(Stored items)
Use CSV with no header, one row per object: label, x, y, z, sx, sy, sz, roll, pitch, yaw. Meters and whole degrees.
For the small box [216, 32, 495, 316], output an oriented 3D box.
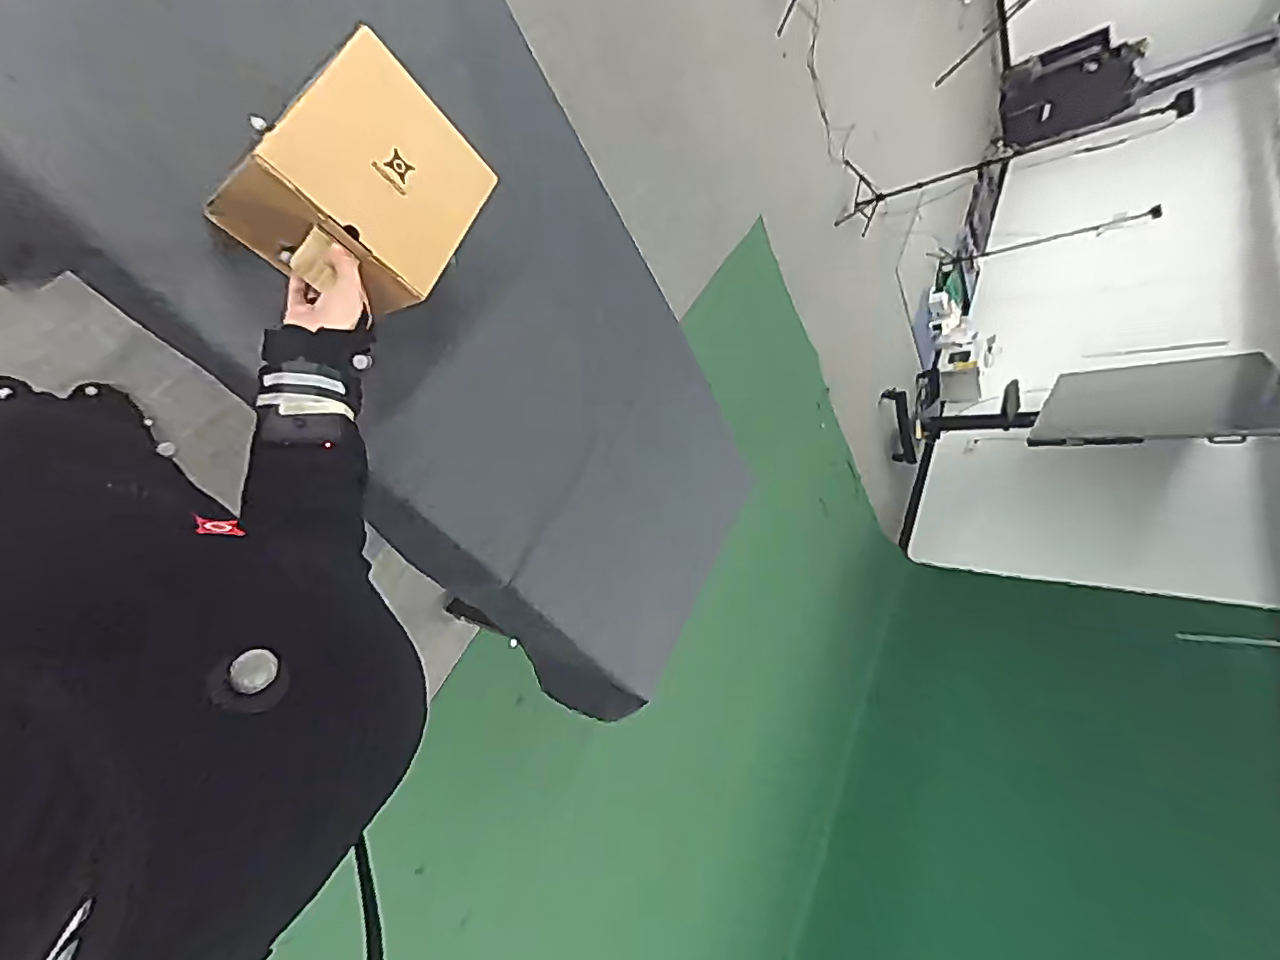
small box,-0.291,-0.296,0.560,0.168,0.176,0.179,40,64,-45
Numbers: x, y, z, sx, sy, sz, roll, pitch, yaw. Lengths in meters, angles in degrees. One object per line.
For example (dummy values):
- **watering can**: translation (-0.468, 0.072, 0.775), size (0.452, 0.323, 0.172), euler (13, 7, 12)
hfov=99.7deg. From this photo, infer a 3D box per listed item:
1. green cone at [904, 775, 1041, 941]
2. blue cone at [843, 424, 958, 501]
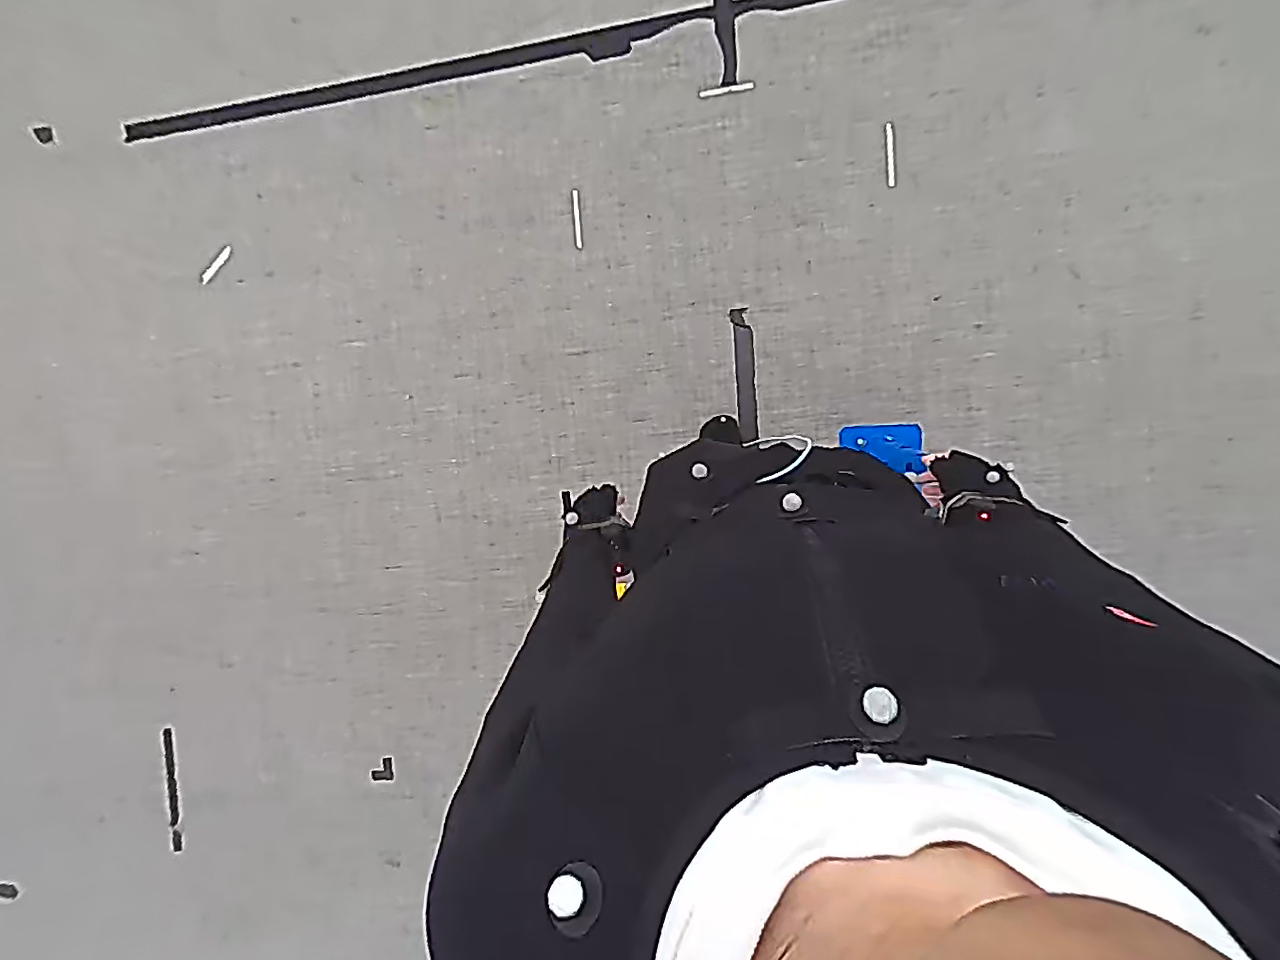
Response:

- _TASK DIRECTIONS_: An exact copy of the records is required. Pictures do not belong in it.

- _EXERCISE ANSWER_:
Use CSV with no header, one row per object: label, x, y, z, sx, sy, sz, roll, pitch, yaw. Meters and whole degrees.
For the small box [216, 32, 495, 316], output an oriented 3D box.
small box,-0.291,-0.296,0.560,0.168,0.176,0.179,40,64,-45
Numbers: x, y, z, sx, sy, sz, roll, pitch, yaw. Lengths in meters, angles in degrees. One object per line.
For example (dummy values):
- **watering can**: translation (-0.468, 0.072, 0.775), size (0.452, 0.323, 0.172), euler (13, 7, 12)
hfov=99.7deg. From this photo, infer a 3D box per listed item:
1. green cone at [904, 775, 1041, 941]
2. blue cone at [843, 424, 958, 501]
Response:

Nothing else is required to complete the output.